В моей памяти вдруг вспыхивает, точно выхваченная из темноты вспышкой молнии, и тотчас гаснет картина сегодняшнего вечера: Прокоп стоит, пригнувшись к чугунной решетке сточной ямы, и прислушивается к сдавленному предсмертному воплю, доносящемуся из мрачной и зловонной бездны...

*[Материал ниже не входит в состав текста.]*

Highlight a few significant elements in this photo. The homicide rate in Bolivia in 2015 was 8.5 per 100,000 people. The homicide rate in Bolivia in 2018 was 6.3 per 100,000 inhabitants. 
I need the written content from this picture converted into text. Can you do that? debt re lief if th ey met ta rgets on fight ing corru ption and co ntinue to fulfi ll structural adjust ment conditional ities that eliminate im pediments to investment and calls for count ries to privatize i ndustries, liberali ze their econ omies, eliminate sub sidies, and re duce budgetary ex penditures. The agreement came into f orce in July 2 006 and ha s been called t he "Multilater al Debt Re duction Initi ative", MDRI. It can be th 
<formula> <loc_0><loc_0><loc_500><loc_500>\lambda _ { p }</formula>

Я хочу крикнуть - и не могу. Ледяные костлявые пальцы влезают мне в рот и, грубо отогнув мой язык, пытаются его, словно кляп, запихнуть мне в глотку, так, чтобы я не мог издать ни единого звука. Видеть эти призрачные персты я не могу, знаю только, что они незримы, по зато очень хорошо чувствую их вполне материальную силу.

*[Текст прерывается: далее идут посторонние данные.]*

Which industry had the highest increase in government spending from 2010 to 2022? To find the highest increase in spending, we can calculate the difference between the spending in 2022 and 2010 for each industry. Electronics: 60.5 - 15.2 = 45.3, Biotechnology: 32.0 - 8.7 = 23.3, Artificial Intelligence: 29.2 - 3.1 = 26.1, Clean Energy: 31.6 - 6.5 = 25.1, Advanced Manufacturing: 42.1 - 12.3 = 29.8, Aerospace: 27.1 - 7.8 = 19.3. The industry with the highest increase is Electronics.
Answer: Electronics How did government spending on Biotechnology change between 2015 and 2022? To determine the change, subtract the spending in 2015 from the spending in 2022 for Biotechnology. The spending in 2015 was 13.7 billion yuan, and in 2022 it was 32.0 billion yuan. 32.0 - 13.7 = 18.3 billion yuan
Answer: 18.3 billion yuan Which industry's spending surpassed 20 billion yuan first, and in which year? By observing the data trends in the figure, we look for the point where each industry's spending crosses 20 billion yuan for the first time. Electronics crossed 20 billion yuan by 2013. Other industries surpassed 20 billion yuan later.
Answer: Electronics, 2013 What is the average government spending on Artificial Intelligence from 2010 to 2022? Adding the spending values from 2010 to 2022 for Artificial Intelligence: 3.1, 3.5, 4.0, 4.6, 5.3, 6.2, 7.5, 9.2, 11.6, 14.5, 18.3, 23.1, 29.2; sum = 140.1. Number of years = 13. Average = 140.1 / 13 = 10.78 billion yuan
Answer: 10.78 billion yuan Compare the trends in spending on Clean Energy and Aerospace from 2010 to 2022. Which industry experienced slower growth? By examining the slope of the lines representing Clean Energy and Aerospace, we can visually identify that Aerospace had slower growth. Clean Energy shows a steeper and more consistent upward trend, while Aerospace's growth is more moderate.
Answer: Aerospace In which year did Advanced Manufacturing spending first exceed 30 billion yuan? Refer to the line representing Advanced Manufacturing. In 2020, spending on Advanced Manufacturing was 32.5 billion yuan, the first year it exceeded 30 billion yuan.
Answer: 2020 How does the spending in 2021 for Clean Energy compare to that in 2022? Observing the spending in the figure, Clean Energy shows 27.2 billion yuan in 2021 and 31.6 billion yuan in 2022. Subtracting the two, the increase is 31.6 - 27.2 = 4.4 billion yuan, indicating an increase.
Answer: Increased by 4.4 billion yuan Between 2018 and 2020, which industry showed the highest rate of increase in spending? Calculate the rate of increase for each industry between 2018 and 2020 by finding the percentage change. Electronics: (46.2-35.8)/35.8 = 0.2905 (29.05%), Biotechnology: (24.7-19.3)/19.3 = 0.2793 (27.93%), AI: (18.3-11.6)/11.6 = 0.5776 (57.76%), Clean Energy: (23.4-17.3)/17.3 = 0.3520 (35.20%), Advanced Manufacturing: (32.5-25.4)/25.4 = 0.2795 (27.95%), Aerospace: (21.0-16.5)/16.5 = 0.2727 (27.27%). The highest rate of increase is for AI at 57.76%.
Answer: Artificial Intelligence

И сознание мое четко и неумолимо свидетельствует: они принадлежат той самой не от мира сего руке, которая в каморке на Хаппасгассе вручила мне каббалистический манускрипт...

- Воды! Воды! - отчаянно кричит Звак, склонившись надо мной.

Мне приподнимают голову и подносят к моим зрачкам пламя свечи.

- Надо отнести его домой, и... и срочно - врача!..

- А может, к архивариусу Гиллелю? Он в таких делах разбирается...

- Хорошо, несите к нему! - доносится до меня сбивчивый шепот.

Потом я лежал, простертый, подобно бездыханному трупу, на носилках, а Прокоп и Фрисландер осторожно выносили меня вон...

ЯВЬ

Когда мы поднимались по лестнице, Звак обогнал нас, и вот уже сверху доносятся встревоженные голоса - тонкий, срывающийся от волнения Мириам, дочери архивариуса Гиллеля, и глухой, охрипший от быстрой ходьбы старого кукольника.

Слишком слабый, чтобы прислушиваться, о чем они там говорили - да и что толку, ведь смысл даже тех немногих слов, которые более или менее отчетливо долетали до моих ушей, ускользал от меня, - я скорее угадывал то, что сбивчиво объяснял Звак, явно пытавшийся успокоить не на шутку обеспокоенную девушку: мол, ничего особенного, нервный приступ, необходима первая помощь, о которой они и пришли просить, нужно, по крайней мере, привести его в сознание...

И хотя я по-прежнему не мог пошевелить ни рукой ни ногой, а невидимые персты всё еще мертвой хваткой сжимали язык, голова моя, несмотря ни на что, работала ясно и четко да и ощущение кошмара как будто исчезло. Полностью отдавая себе отчет в том, где нахожусь и что со мной происходит, я не видел ничего особенного в том, что меня, словно покойника, внесли на носилках в комнату Шемаи Гиллеля и - оставили одного.

Умиротворенный, лежал я и, глядя в потолок, наслаждался тем тихим, ласковым и каким-то домашним покоем, которым было преисполнено все мое существо, - такое чувство, наверное, бывает, когда после долгих лет, проведенных на чужбине, возвращаешься наконец домой, на родину...

В помещении было сумрачно, расплывчатые очертания крестообразных оконных рам выделялись на фоне мутноватой предрассветной мглы, которая туманной пеленой окутывала спящий переулок.

Вошел Гиллель, и... и странно: в руках он держал традиционную еврейскую менору, возжигаемую лишь по субботам, а его обращенное ко мне приветствие было произнесено таким будничным тоном, как будто моего прихода здесь уже

давным-давно ожидали, однако - вот уж действительно странно! - ни то ни другое меня нисколько не удивило, напротив, все казалось каким-то естественным, само собой разумеющимся и даже... привычным...

Наблюдая, как архивариус ходил по комнате, неспешно поправлял какие-то предметы, стоящие на комоде, зажигал еще один светильник - тоже праздничную семирожковую лампу! - мне вдруг бросились в глаза те особенности во внешности этого человека, которые я почему-то никогда раньше не замечал, хотя много лет живу в этом доме и встречаюсь с Гиллелем на лестнице никак не менее трех-четырех раз в неделю.